Hierarchically mesoporous carbon spheres coated with a single atomic Fe–N–C layer for balancing activity and mass transfer in fuel cells

Novel cost-effective fuel cells have become more attractive due to the demands for rare and expensive platinum-group metal (PGM) catalysts for mitigating the sluggish kinetics of the oxygen reduction reaction (ORR). The high-cost PGM catalyst in fuel cells can be replaced by Earth-abundant transition-metal-based catalysts, that is, an Fe–N–C catalyst, which is considered one of the most promising alternatives. However, the performance of the Fe–N–C catalyst is hindered by the low catalytic activity and poor stability, which is caused by insufficient active sites and the lack of optimization of the triple-phase interface for mass transportation. Herein, a novel Fe–N–C catalyst consisting of mono-dispersed hierarchically mesoporous carbon sphere cores and single Fe atom-dispersed functional shells are presented.
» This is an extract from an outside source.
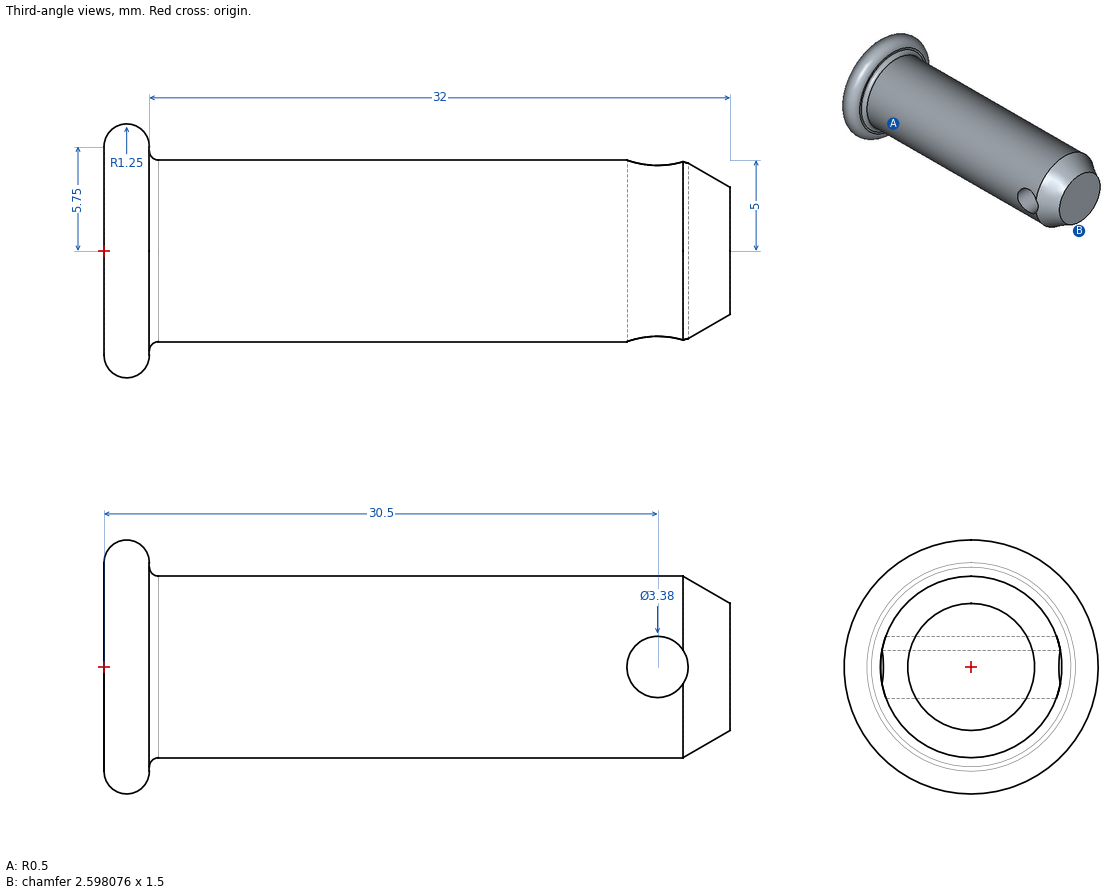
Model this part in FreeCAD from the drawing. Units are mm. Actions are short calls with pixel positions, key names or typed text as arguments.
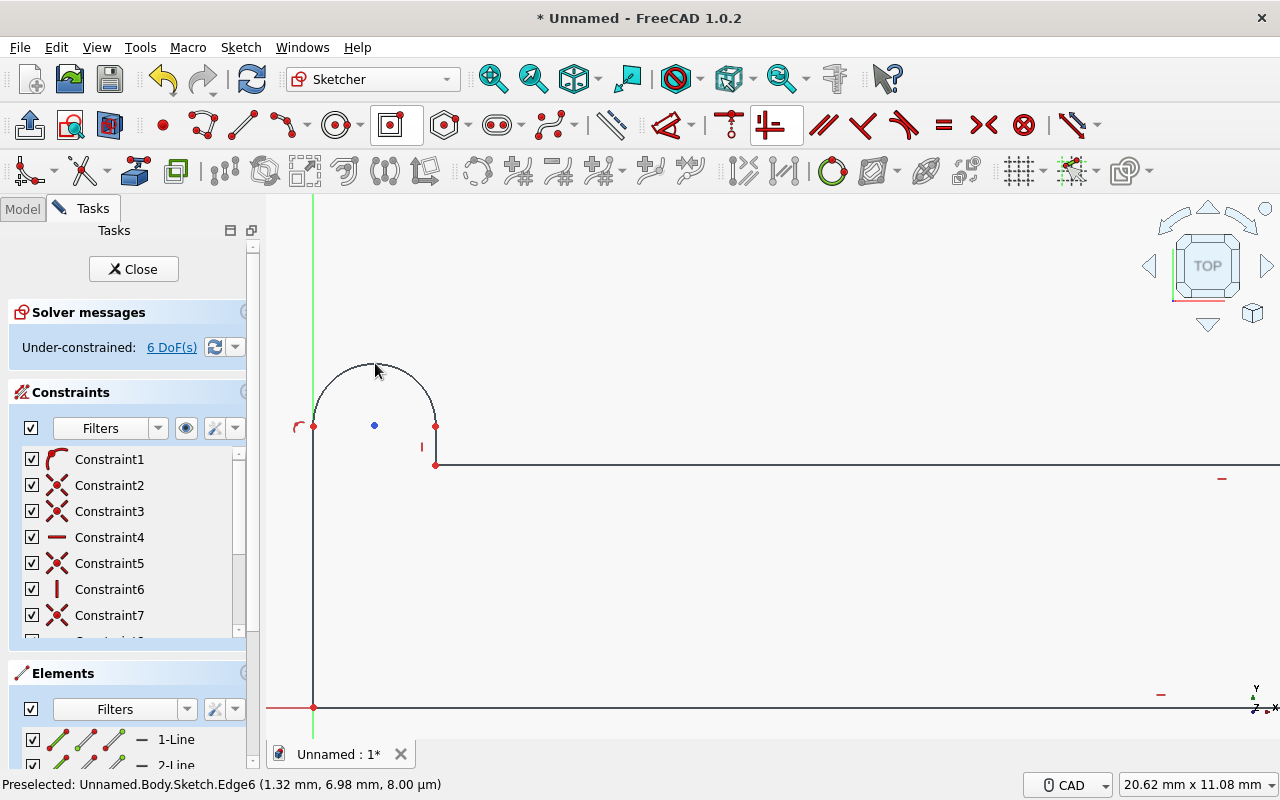
click(313, 511)

The synergistic effect between highly dispersed Fe-active sites and well-organized porous structures yields the combination of high ORR activity and high mass transfer performance. The half-wave potential of the catalyst in 0.1 M H₂SO₄ is 0.82 V versus reversible hydrogen electrode, and the peak power density is 812 mW·cm⁻² in H₂–O₂ fuel cells. Furthermore, it shows superior methanol tolerance, which is almost immune to methanol poisoning and generates up to 162 mW·cm⁻² power density in direct methanol fuel cells.